Primary LanguagePython

romanesco

A vanilla recurrent neural network (RNN) language model. Supports model training, text scoring, and text generation.

Installation

Make sure you have an NVIDIA GPU at your disposal, with all drivers and CUDA installed. Make sure you also have python >= 3.5, pip and git installed, and run

git clone https://github.com/laeubli/romanesco.git
cd romanesco
pip install --user -e .

If you have sudo privileges and prefer to install romanesco for all users on your system, omit the --user flag. The -e flag installs the app in “editable mode”, meaning you can change source files (such as romanesco/const.py) at any time.

Model training

Models are trained from a single plaintext file with one sentence per line. Symbols – e.g., words or characters – are delimited by blanks.

Example input (word-level):

I love the people of Iowa .
So that 's the way it is .
Very simple .

Example input (character-level):

I <blank> l o v e <blank> t h e <blank> p e o p l e <blank> o f <blank> I o w a .
S o <blank> t h a t &apos; s <blank> t h e <blank> w a y <blank> i t <blank> i s .
V e r y <blank> s i m p l e .

romanesco doesn't preprocess training data. If you want to train a model on lowercased input, for example, you'll need to lowercase the training data yourself.

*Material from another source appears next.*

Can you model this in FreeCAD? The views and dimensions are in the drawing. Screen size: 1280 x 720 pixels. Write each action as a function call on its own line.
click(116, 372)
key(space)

To train a model from corpus.train.txt using GPU 0, run

CUDA_VISIBLE_DEVICES=0 romanesco train corpus.train.txt

By default, the trained model and vocabulary will be stored in a directory called model, and logs (for monitoring with Tensorboard) in logs. You can use custom destinations through the -m and -l command line arguments, respectively. Folders will be created if they don't exist.

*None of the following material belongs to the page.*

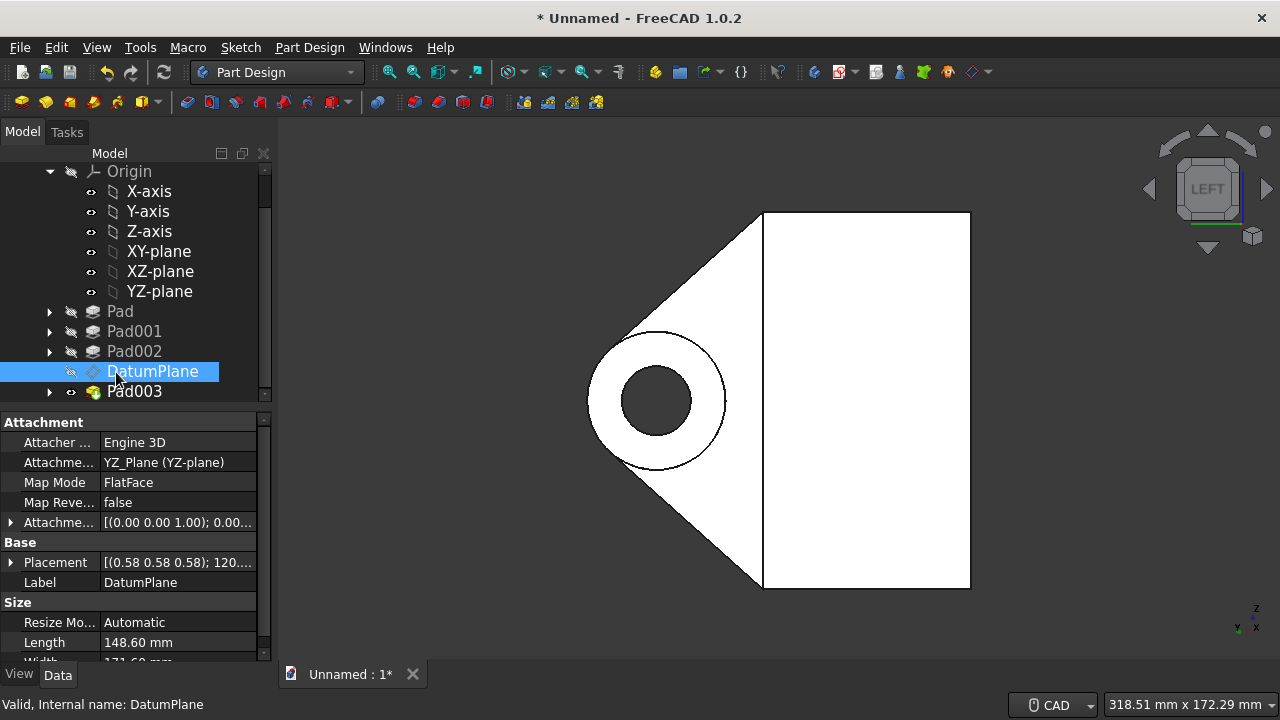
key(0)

Some hyperparameters can be adjusted from the command line; run romanesco train -h for details. Other hyperparameters are currently hardcoded in romanesco/const.py.

Scoring

Once you've trained a model, you can use it to score texts. romanesco will calculate the perplexity of a text given a trained model. Lower is better: if you've trained a model on TV subtitles, it will typically assign lower scores to other TV subtitles than, say, an article from the New York Times.

To score my-article.txt using GPU 0, run

CUDA_VISIBLE_DEVICES=0 romanesco score my-article.txt

This assumes there is a folder called model in your current working directory, containing a model trained with romanesco (see above). If your model is stored somewhere else, use the -m command line argument.

For further options, run romanesco score -h.

Sampling

A trained model can be used to generate new text resembling the original training data. To generate a text with length 200 (numer of symbols), run

CUDA_VISIBLE_DEVICES=0 romanesco sample 200

This assumes there is a folder called model in your current working directory, containing a model trained with romanesco (see above). If your model is stored somewhere else, use the -m command line argument.

For further options, run romanesco sample -h.